▼

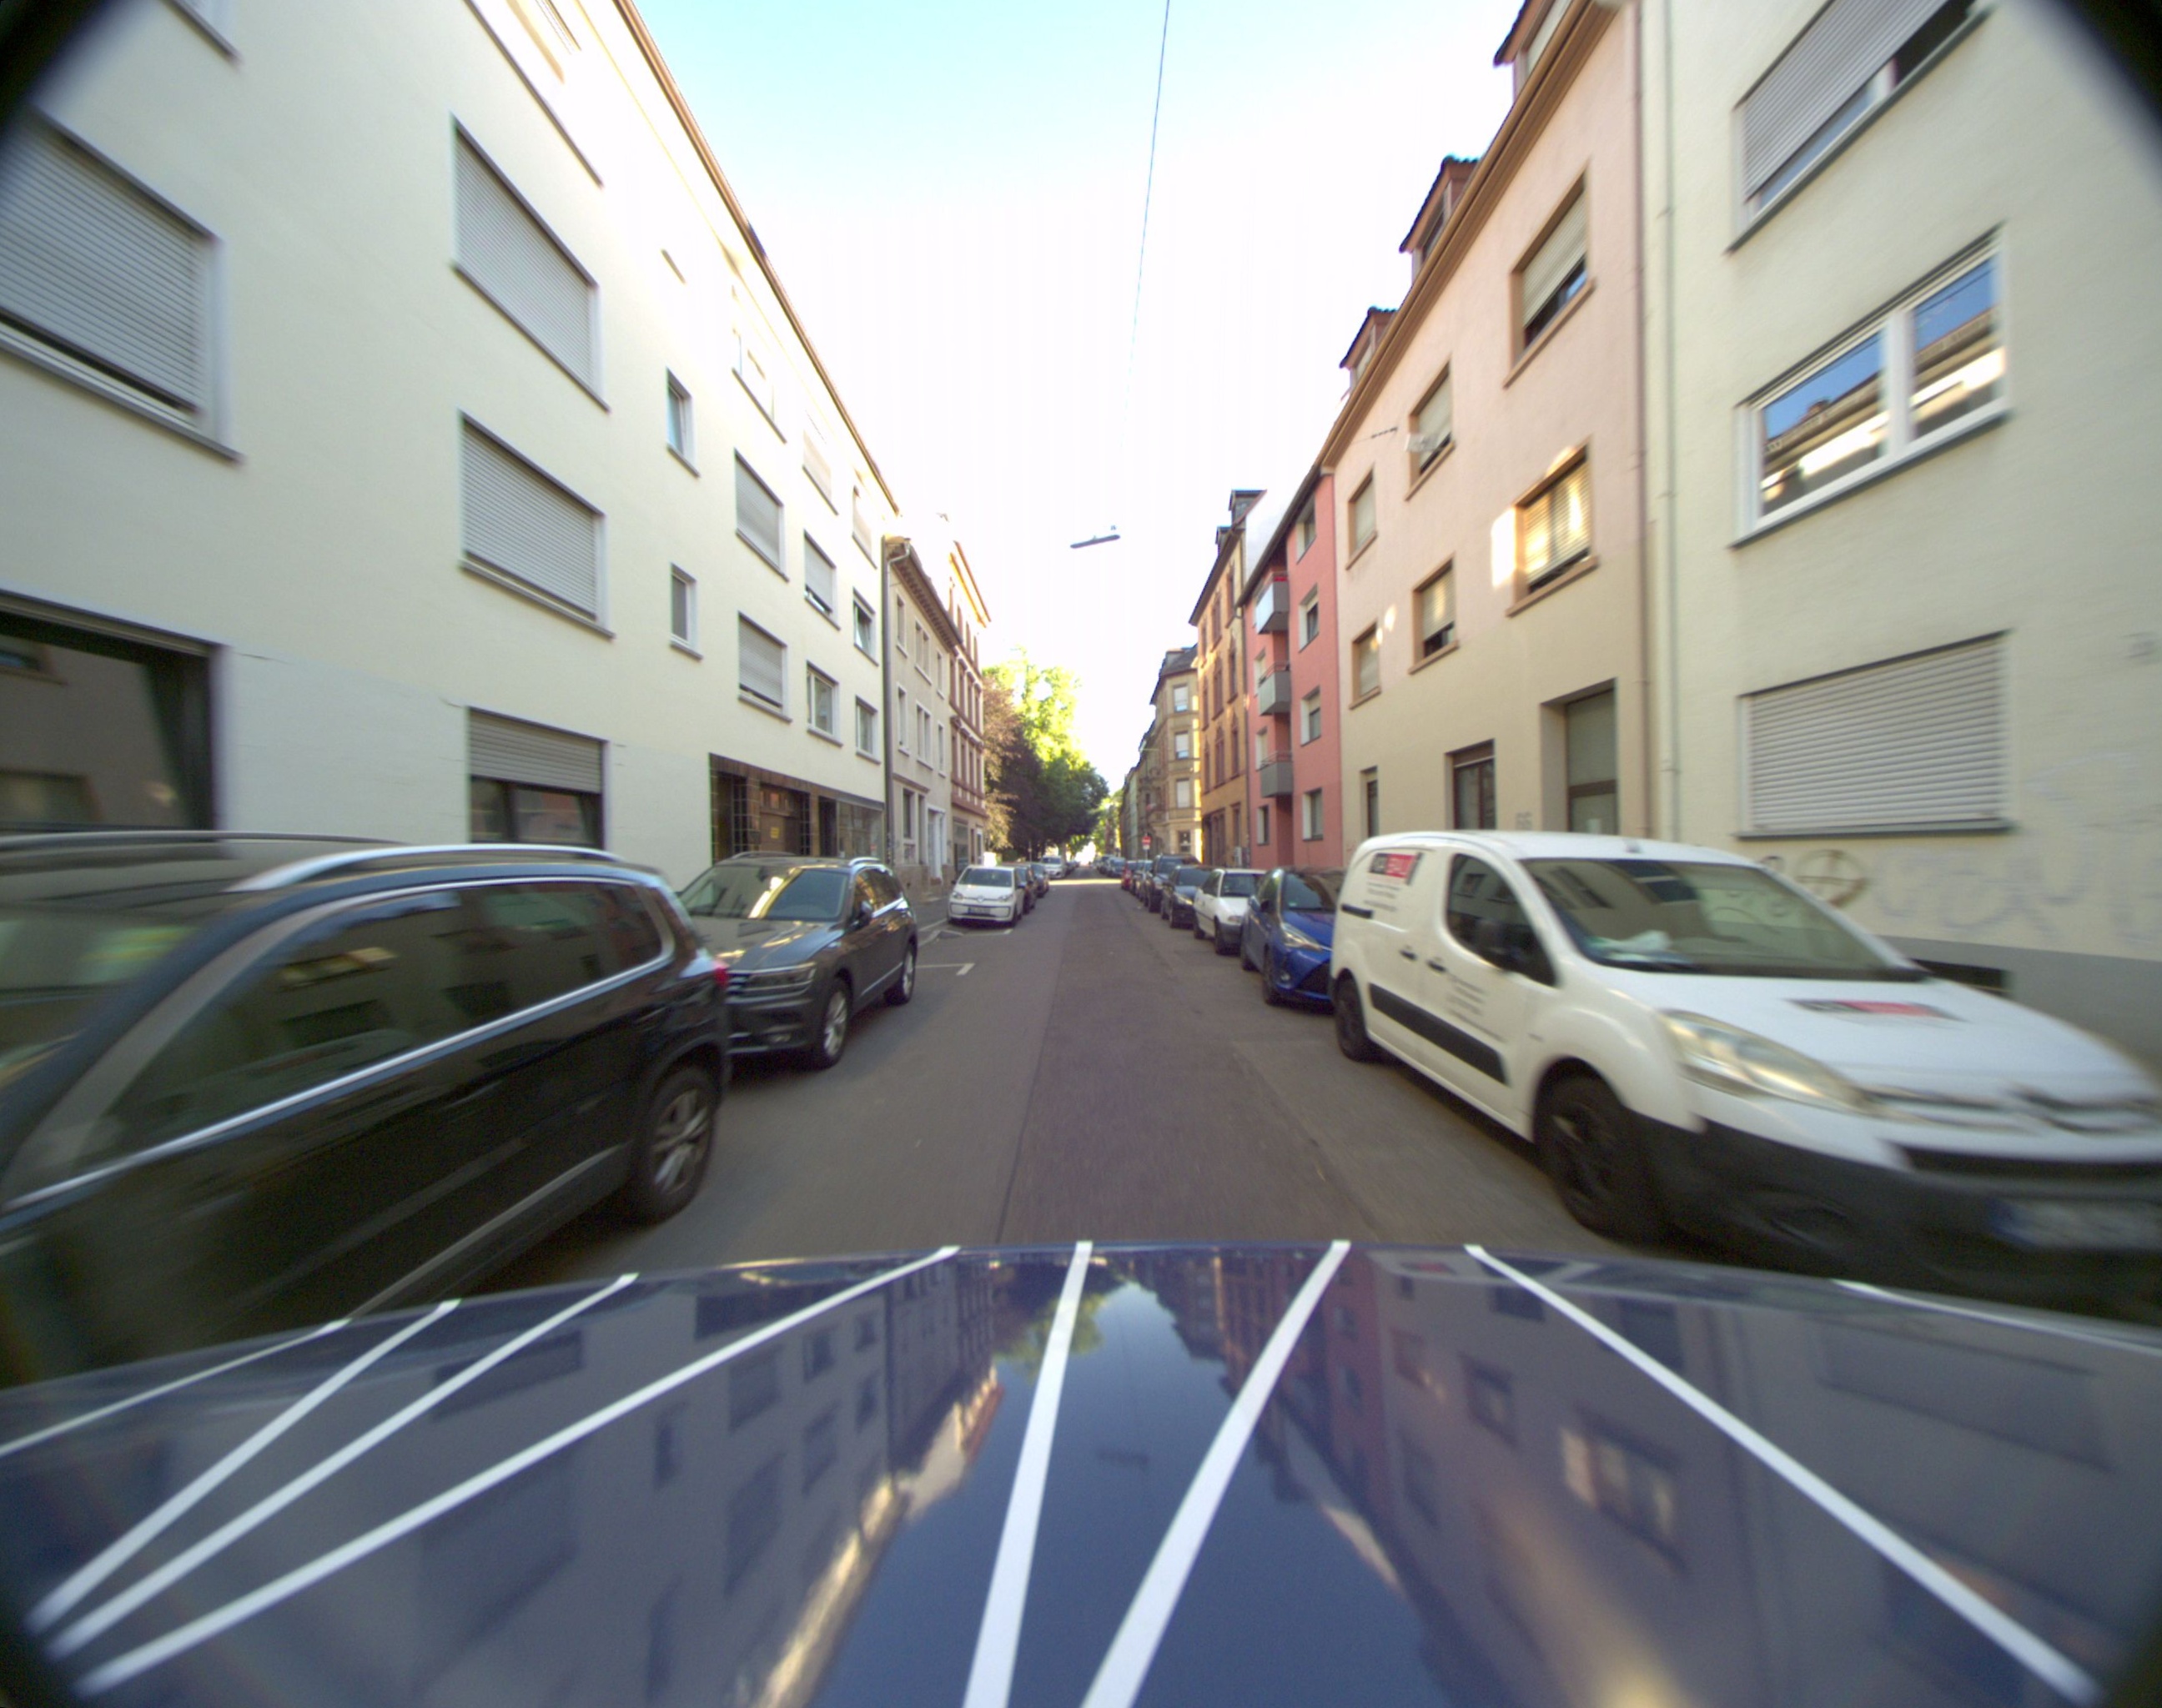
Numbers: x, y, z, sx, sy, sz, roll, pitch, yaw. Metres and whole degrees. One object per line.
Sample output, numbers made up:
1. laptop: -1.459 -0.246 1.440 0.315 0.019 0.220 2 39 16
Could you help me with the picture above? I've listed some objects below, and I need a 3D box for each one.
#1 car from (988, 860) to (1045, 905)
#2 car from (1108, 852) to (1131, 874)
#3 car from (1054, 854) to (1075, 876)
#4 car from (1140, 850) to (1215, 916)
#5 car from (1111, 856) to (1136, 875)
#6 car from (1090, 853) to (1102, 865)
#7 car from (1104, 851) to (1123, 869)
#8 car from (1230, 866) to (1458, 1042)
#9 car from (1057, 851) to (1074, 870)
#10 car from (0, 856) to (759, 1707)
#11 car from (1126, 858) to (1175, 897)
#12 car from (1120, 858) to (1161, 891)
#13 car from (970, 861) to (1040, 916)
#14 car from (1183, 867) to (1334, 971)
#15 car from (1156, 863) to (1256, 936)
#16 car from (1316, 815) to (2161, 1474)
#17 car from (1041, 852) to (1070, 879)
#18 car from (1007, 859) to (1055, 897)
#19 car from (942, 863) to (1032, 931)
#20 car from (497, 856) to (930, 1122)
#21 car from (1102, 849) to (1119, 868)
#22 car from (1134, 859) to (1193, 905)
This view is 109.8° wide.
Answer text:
1. car: -2.356 1.017 28.746 1.768 1.524 4.103 1 0 0
2. car: 3.413 0.739 67.763 1.768 1.846 3.993 2 0 0
3. car: -1.457 0.946 67.806 1.768 1.846 4.285 -1 0 0
4. car: 2.896 0.830 23.639 1.768 1.814 4.103 2 0 0
5. car: 3.475 0.891 62.385 1.768 1.463 3.932 2 0 0
6. car: 2.688 0.852 133.916 1.998 2.002 4.000 -2 0 1
7. car: 3.457 0.624 81.834 1.768 1.914 4.264 2 0 0
8. car: 2.856 0.962 9.177 1.674 1.519 4.087 2 0 6
9. car: -1.716 0.716 86.463 1.768 2.006 4.264 2 0 0
10. car: -2.700 0.870 1.955 1.770 1.657 4.328 2 0 1
11. car: 3.021 0.999 33.659 1.768 1.524 4.103 2 0 0
12. car: 3.005 1.020 38.856 1.768 1.524 4.103 2 0 0
13. car: -2.331 1.041 24.281 1.768 1.524 4.103 1 0 0
14. car: 2.970 1.027 13.572 1.675 1.450 4.084 2 0 0
15. car: 2.887 1.000 18.290 1.768 1.463 3.816 2 0 0
16. car: 2.887 0.786 4.175 1.754 1.731 4.314 2 0 -1
17. car: -2.001 0.891 61.209 1.865 1.970 4.482 2 0 4
18. car: -2.170 1.029 33.896 1.768 1.524 4.103 2 0 0
19. car: -2.352 1.033 19.892 1.768 1.508 4.103 2 0 0
20. car: -2.834 0.890 7.121 1.886 1.657 4.328 2 0 0
21. car: 3.415 0.530 88.538 1.768 2.074 4.263 2 0 0
22. car: 3.021 0.984 28.595 1.768 1.524 4.103 1 0 0
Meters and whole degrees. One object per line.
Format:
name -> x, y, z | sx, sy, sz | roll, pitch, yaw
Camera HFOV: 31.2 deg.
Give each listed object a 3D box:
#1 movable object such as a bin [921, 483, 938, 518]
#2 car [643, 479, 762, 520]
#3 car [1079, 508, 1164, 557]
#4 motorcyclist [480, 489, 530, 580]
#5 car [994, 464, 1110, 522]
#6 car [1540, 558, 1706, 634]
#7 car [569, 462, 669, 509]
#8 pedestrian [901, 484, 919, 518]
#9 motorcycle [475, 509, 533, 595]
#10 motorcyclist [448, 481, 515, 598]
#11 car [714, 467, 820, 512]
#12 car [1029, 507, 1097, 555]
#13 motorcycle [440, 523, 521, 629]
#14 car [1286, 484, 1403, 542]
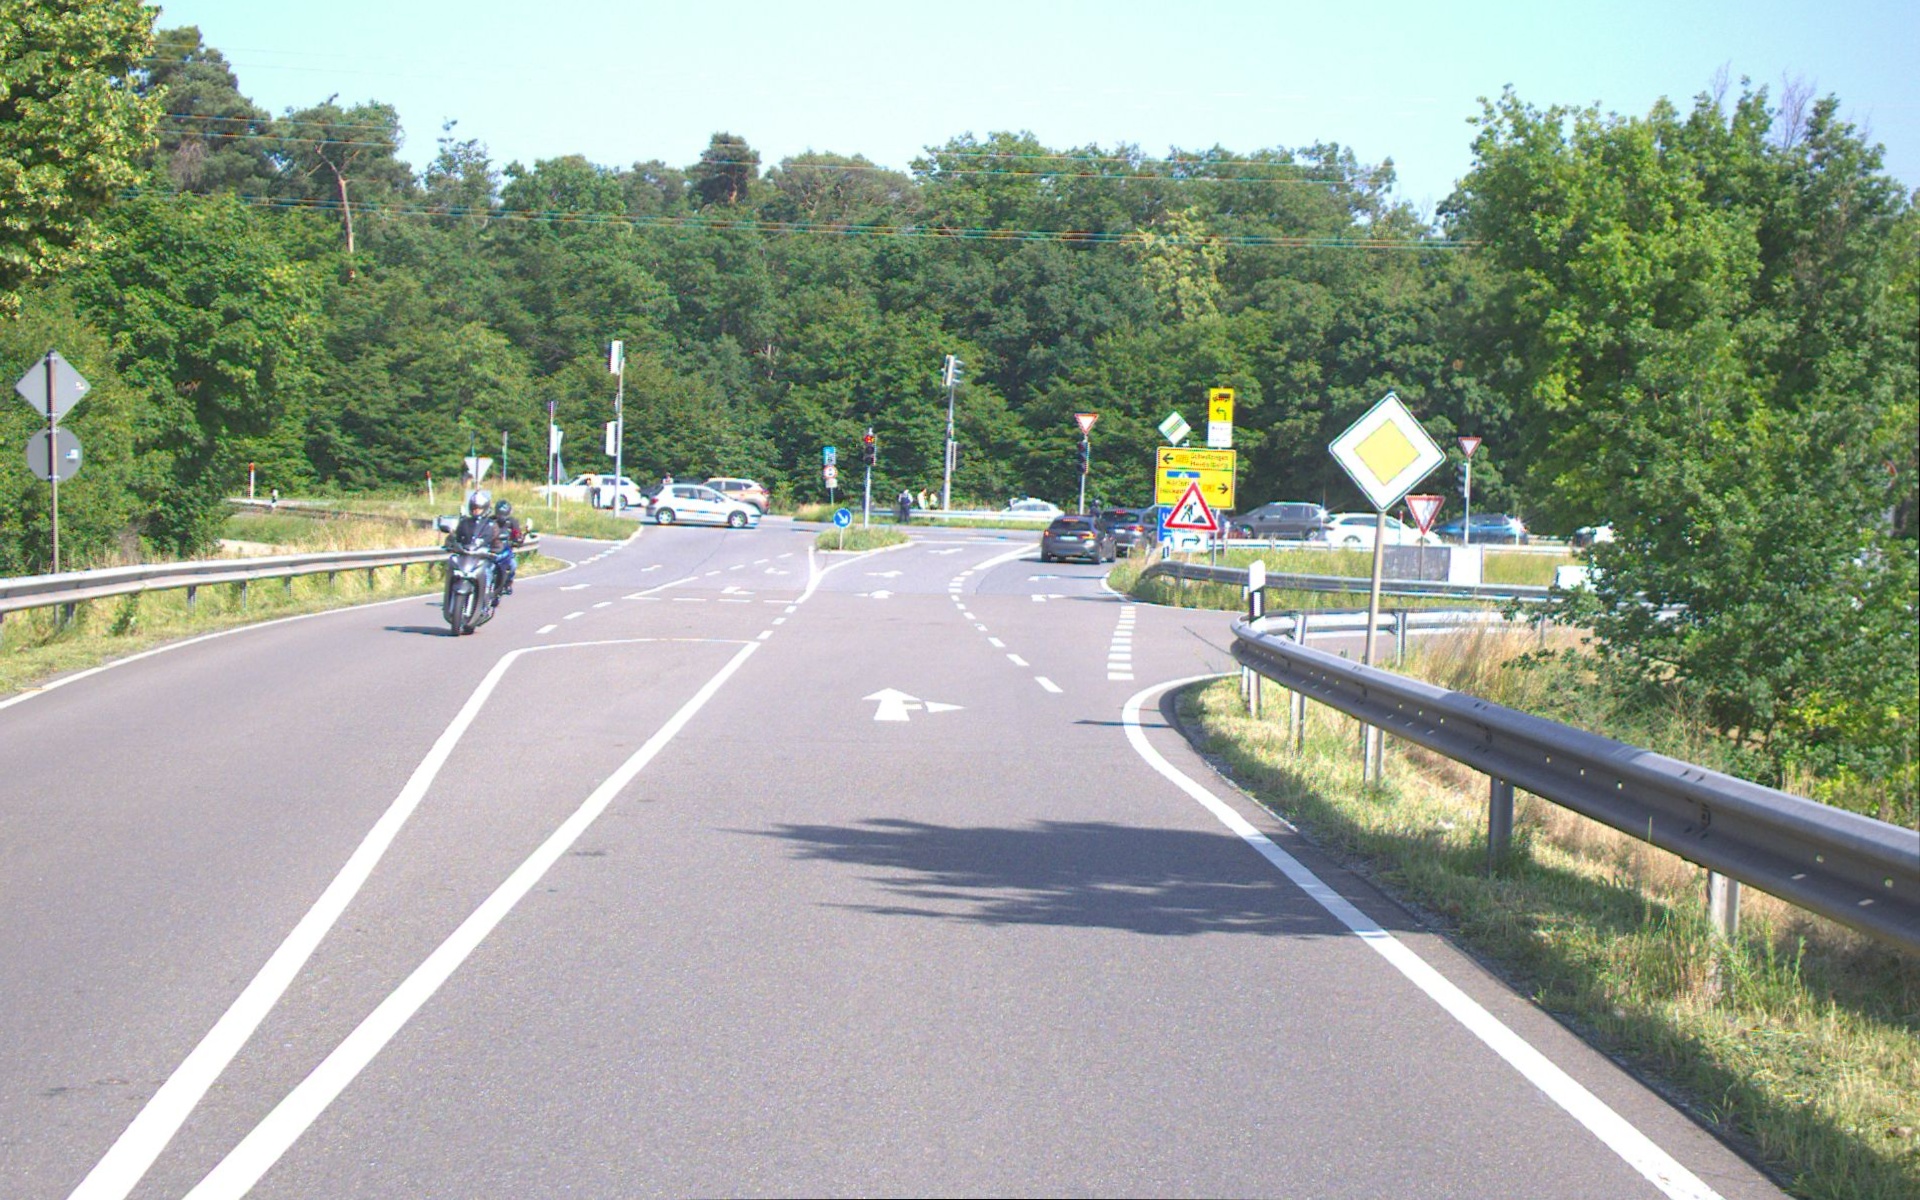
movable object such as a bin -> -1.280, -4.156, 143.421 | 0.602, 1.483, 0.732 | 0, 1, 7
car -> -9.374, -3.660, 125.011 | 4.227, 1.454, 2.001 | 0, 2, -7
car -> 5.298, -2.202, 112.167 | 1.801, 1.495, 3.997 | 3, 2, 17
motorcyclist -> -7.086, -1.029, 53.572 | 0.699, 1.403, 0.979 | 0, 2, -2
car -> 3.413, -3.966, 127.521 | 3.986, 2.006, 1.801 | 1, 3, -8
car -> 18.289, -0.129, 94.797 | 4.357, 1.777, 1.901 | 4, 2, 12
car -> -14.897, -5.005, 150.263 | 3.986, 2.006, 1.796 | 0, 2, -22
pedestrian -> -2.068, -4.109, 142.909 | 0.524, 1.386, 0.513 | 1, 2, 36
motorcycle -> -7.085, -0.754, 53.495 | 0.717, 1.304, 2.182 | 0, 2, -3
motorcyclist -> -5.814, -0.740, 41.795 | 0.699, 1.403, 0.784 | 0, 1, 0
car -> -7.650, -4.382, 136.083 | 3.986, 1.744, 1.764 | 0, 2, -11
car -> 3.166, -2.129, 105.007 | 1.800, 1.393, 3.999 | -1, 1, 6
motorcycle -> -5.818, -0.308, 41.800 | 0.717, 1.246, 2.078 | 0, 2, -1
car -> 14.342, -3.255, 128.331 | 3.986, 2.006, 1.801 | 2, 3, -4

▲

Work to be completed
Your answer should consist of the lines from the line with "#17 car from (1041, 852) to (1070, 879)" to the line with "This view is 109.8° wide." above, repeated exactly, both ends included.

Solution to the exercise
#17 car from (1041, 852) to (1070, 879)
#18 car from (1007, 859) to (1055, 897)
#19 car from (942, 863) to (1032, 931)
#20 car from (497, 856) to (930, 1122)
#21 car from (1102, 849) to (1119, 868)
#22 car from (1134, 859) to (1193, 905)
This view is 109.8° wide.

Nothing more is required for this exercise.